Pisticci, intestata una via a Bruno Ernesto La Padula

Gli appelli e le sollecitazioni di associazioni, studiosi e cittadini a rivedere e aggiornare la toponomastica cittadina e territoriale alla luce dei nuovi contenuti storiografici cominciano a dare i loro primi frutti. Alcuni anni or sono, a Centro Agricolo, furono intestate nuove vie e piazze ai confinati antifascisti illustri che vi soggiornarono e che poi diventarono protagonisti della Resistenza; l’ospedale di Tinchi fu dedicato ad Angelina Lo Dico e un nuovo rione al Pittore di Pisticci. Nel segno della più attuale corrente revisionista anche gli eroi del Risorgimento cominciano ad essere circondati da un alone di dubbi e sospetti. A farne le spese a Pisticci è stato il generale Enrico Cialdini, eliminato dalla toponomastica con parere unanime della giunta, in quanto, come si legge nel provvedimento, “…si distinse nel Meridione per stragi e massacri, radendo al suolo, senza pietà e scrupolo, interi paesi del Sud Italia, messi a ferro e a fuoco dalle sue truppe.
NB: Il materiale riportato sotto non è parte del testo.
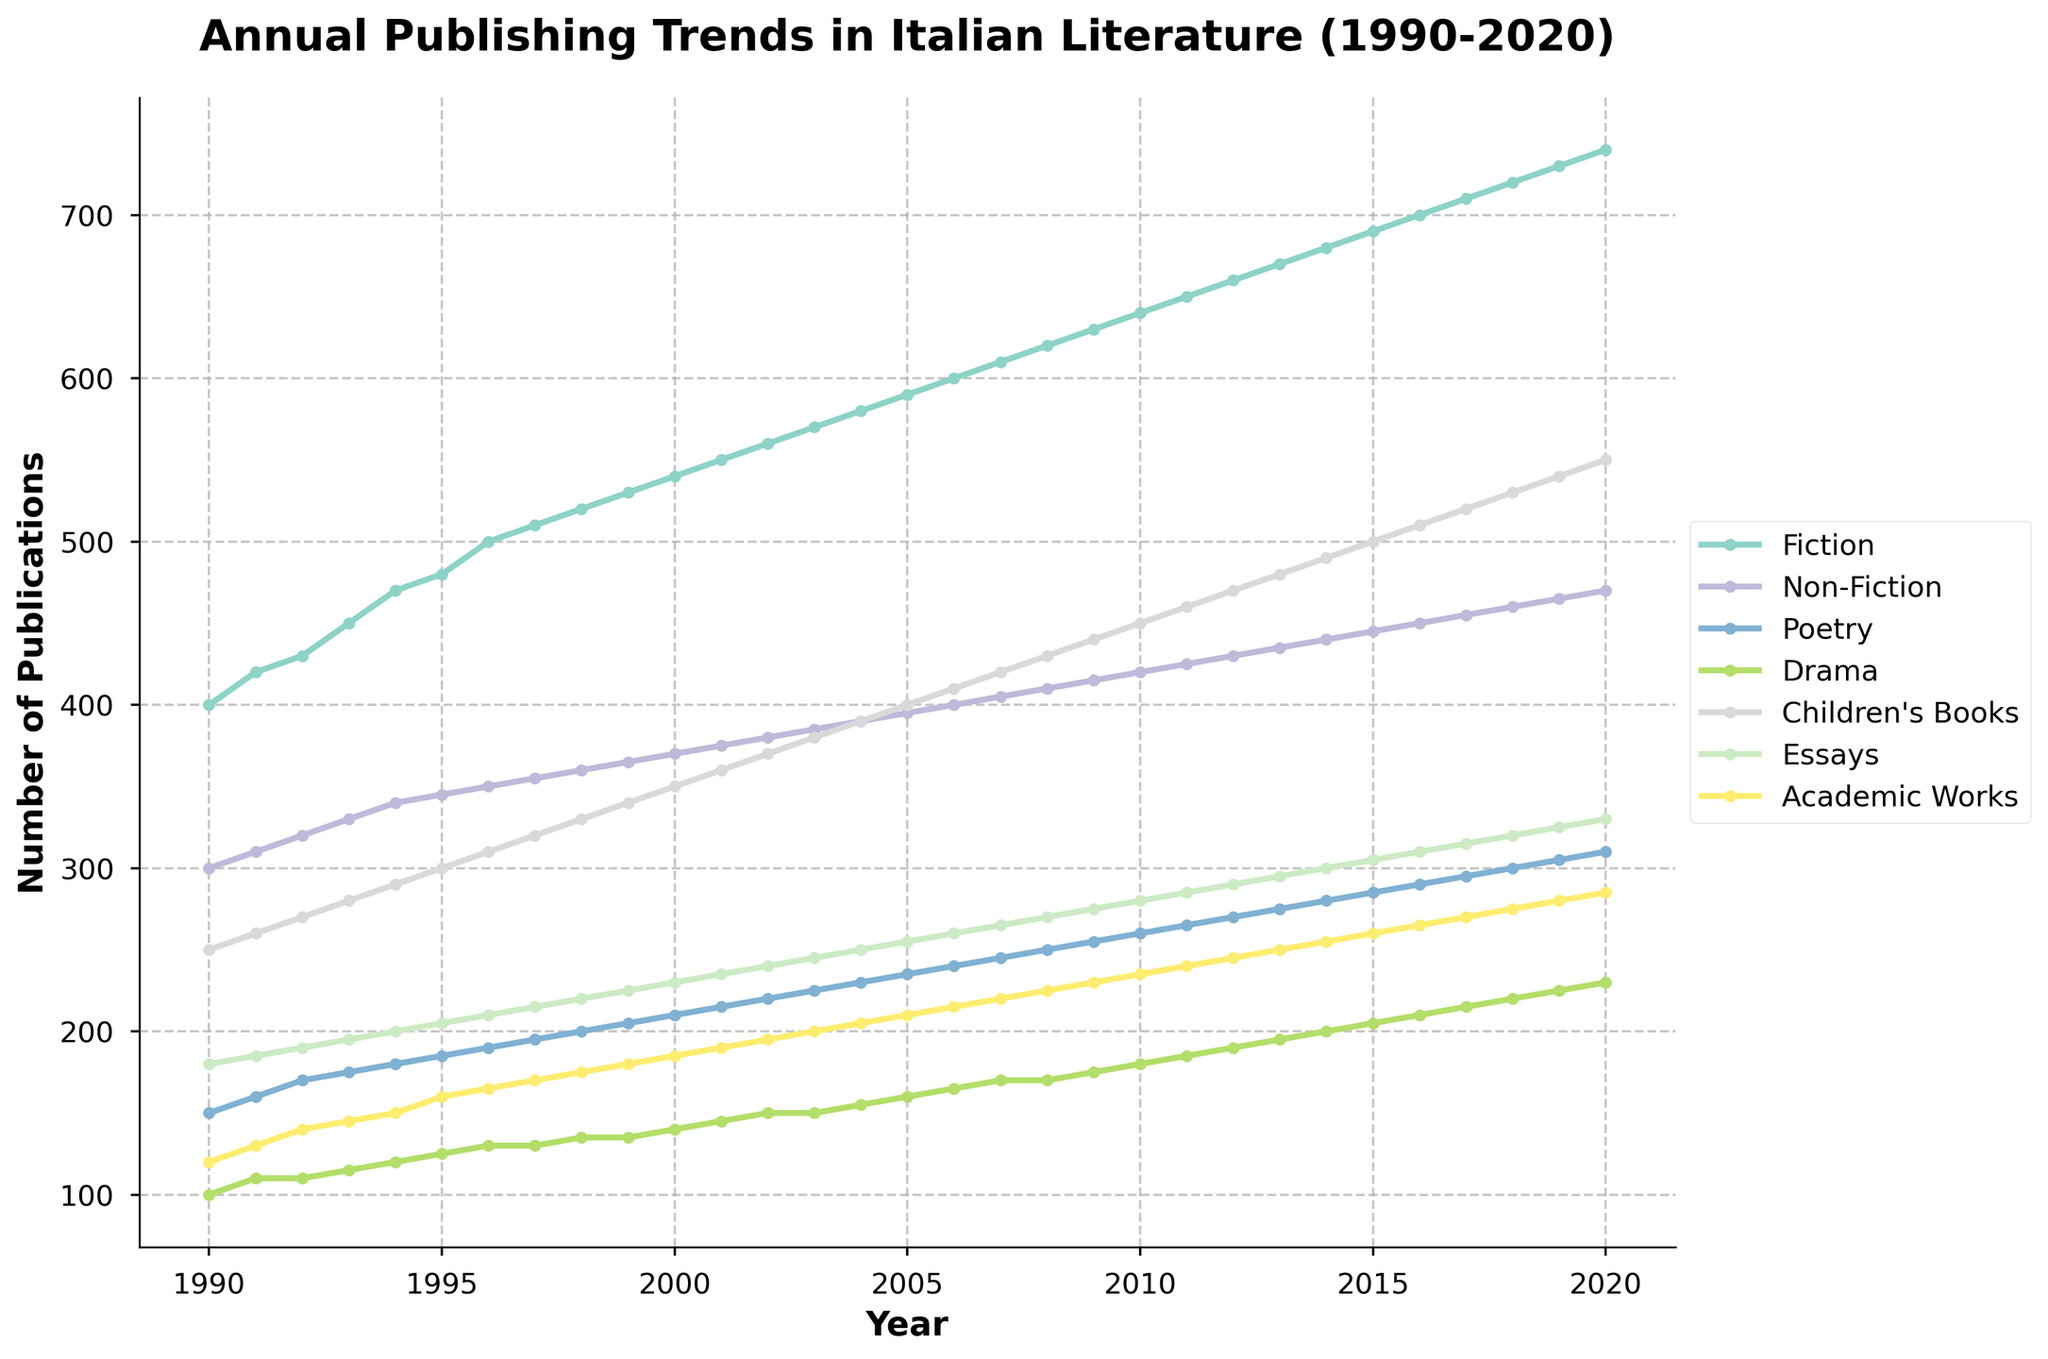What is the title of the plot? The title is positioned at the top of the plot, usually centered and in bold to highlight the focus of the figure. In this case, it specifies the content and time frame of the data represented.
Answer: Annual Publishing Trends in Italian Literature (1990-2020) What is the number of publications for Fiction in the year 2005? Locate the Fiction line on the graph (typically marked with a specific color or symbol), then find the year 2005 on the x-axis and read the value on the y-axis.
Answer: 590 Which genre had the lowest number of publications in 1993? Observe each line on the plot for the year 1993 and compare their values on the y-axis. The line with the lowest value corresponds to the genre with the fewest publications.
Answer: Drama What is the total number of publications for Children's Books from 1990 to 2000? Identify the Children's Books line on the graph and sum the y-axis values for each year from 1990 to 2000. Break it into:
250+260+270+280+290+300+310+320+330+340+350 = 3500.
Answer: 3500 Which genre experienced the most considerable increase in publications from 2000 to 2020? Compare the difference in the y-axis values for each genre between 2000 and 2020. Determine which genre's endpoint (2020) has the highest increase over its starting point (2000). Fiction: 200; Non-Fiction: 100; Poetry: 100; Drama: 90; Children's Books: 200; Essays: 100; Academic Works: 100.
Answer: Fiction & Children's Books During which years did Academic Works see at least a 10-publishing increase every year? Identify the Academic Works line, then observe the y-axis differences year by year to ensure an increase of at least 10 publications each year. Detailed examination confirms consistent 10-publication jumps from 2015-2020.
Answer: 2015-2020 Which genres showed an upward trend throughout the entire period (1990-2020)? Identify lines that consistently rise without any downtrends over the period under consideration. All genres show a consistent upward progression.
Answer: All genres In what year did Poetry surpass Drama in the number of publications for the first time? Locate the Poetry and Drama lines, and identify the first point where the Poetry line crosses above the Drama line. This occurs in the mid-1990s.
Answer: 1994 What is the growth rate of Fiction from 1995 to 2005 in terms of number of publications per year? Calculate the change in the number of Fiction publications between 1995 and 2005, and then divide by the number of years (2005-1995). Computation: (590 - 480) / 10 = 11 publications per year.
Answer: 11 publications/year How many genres had more than 400 publications in 2020? Check the y-axis values in 2020 for each genre and count how many exceed 400 publications. Genres exceeding 400: Fiction (740), Non-Fiction (470), Children’s Books (550).
Answer: Three genres

Rappresenta il simbolo di quanto di peggio espresse il cosiddetto Risorgimento e per questo numerose città hanno ormai cominciato un’opera di attenta revisione storica”. In pieno centro cittadino, al posto di via Cialdini sorgerà ora via Bruno Ernesto La Padula. Il giusto tributo ad un degno figlio di Pisticci, architetto ed urbanista, conosciuto in tutto il mondo per i suoi progetti e le sue opere, a cui peraltro sono dedicate vie, piazze, istituzioni in Italia e all’estero. ma purtroppo ancora ignorato nel suo paese nativo. Ecco perché via La Padula di Pisticci colme una grave lacuna. Dopo la maturità scientifica a Melfi, La Padula conseguì la laurea in Architettura a Roma nel 1931 discutendo una tesi su “la Casa del Fascio” di Taranto. Nel suo paese, Pisticci, progettò molti edifici e la Chiesa di S. Rocco. Il suo nome è legato al Palazzo della Civiltà dell’Eur a Roma, detto il Colosseo Quadrato. Dopo la guerra si trasferì in Argentina dove intraprese sia la professione libera che quella di docente universitario. Oltre a La Padula, sono molti altri gli intellettuali ed i cittadini illustri di Pisticci in lista d’ attesa. E tra questi, Pietro da Pisticci, vescovo di Anglona; P. Antonio De Vena, missionario in Siria; Giulio Sanseverino (Pomponio Leto), fondatore dell’Accademia di Roma; il giurista Giovanni Maria Novario; don Bernardino Macqueda y Cardenas, feudatario e benefattore; Concetto Valente, fondatore del Museo di Potenza.